Early childhood development (ECD) lays the foundation for lifelong health, academic success and social well-being, yet over 250 million children in low- and middle-income countries are at risk of not reaching their developmental potential. Traditional measures fail to fully capture the risks associated with a child’s development outcomes. Artificial intelligence techniques, particularly machine learning (ML), offer an innovative approach by analysing complex datasets to detect subtle developmental patterns.
To map the existing literature on the use of ML in ECD research, including its geographical distribution, to identify research gaps and inform future directions. The review focuses on applied ML techniques, data types, feature sets, outcomes, data splitting and validation strategies, model performance, model explainability, key themes, clinical relevance and reported limitations.
Scoping review using the Arksey and O‘Malley framework with enhancements by Levac et al.
A systematic search was conducted on 16 June 2024 across PubMed, Web of Science, IEEE Xplore and PsycINFO, supplemented by grey literature (OpenGrey) and reference hand-searching.

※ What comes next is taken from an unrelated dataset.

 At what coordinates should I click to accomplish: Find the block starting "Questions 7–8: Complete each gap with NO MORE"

No publication date limits were applied.
Included studies applied ML or its variants (eg, deep learning (DL), natural language processing) to developmental outcomes in children aged 0–8 years. Studies were in English and addressed cognitive, language, motor or social-emotional development. Excluded were studies focusing on robotics; neurodevelopmental disorders such as autism spectrum disorder, attention-deficit/hyperactivity disorder and communication disorders; disease or medical conditions; and review articles.

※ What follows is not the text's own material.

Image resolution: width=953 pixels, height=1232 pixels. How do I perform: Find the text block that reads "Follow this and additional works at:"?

Three reviewers independently extracted data using a structured MS Excel template, covering study ML techniques, data types, feature sets, outcomes, outcome measures, data splitting and validation strategies, model performance, model explainability, key themes, clinical relevance and limitations. A narrative synthesis was conducted, supported by descriptive statistics and visualisations.
Of the 759 articles retrieved, 27 met the inclusion criteria. Most studies (78%) originated from high-income countries, with none from sub-Saharan Africa. Supervised ML classifiers (40.7%) and DL techniques (22.2%) were the most used approaches. Cognitive development was the most frequently targeted outcome (33.3%), often measured using the Bayley Scales of Infant and Toddler Development-III (33.3%). Data types varied, with image, video and sensor-based data being most prevalent. Key predictive features were grouped into six categories: brain features; anthropometric and clinical/biological markers; socio-demographic and environmental factors; medical history and nutritional indicators; linguistic and expressive features; and motor indicators. Most studies (74.1%) focused solely on prediction, with the majority conducting predictions at age 2 years and above. Only 41% of studies employed explainability methods, and validation strategies varied widely. Few studies (7.4%) conducted external validation, and only one had progressed to a clinical trial. Common limitations included small sample sizes, lack of external validation and imbalanced datasets.
There is growing interest in using ML for ECD research, but current research lacks geographical diversity, external validation, explainability and practical implementation. Future work should focus on developing inclusive, interpretable and externally validated models that are integrated into real-world implementation.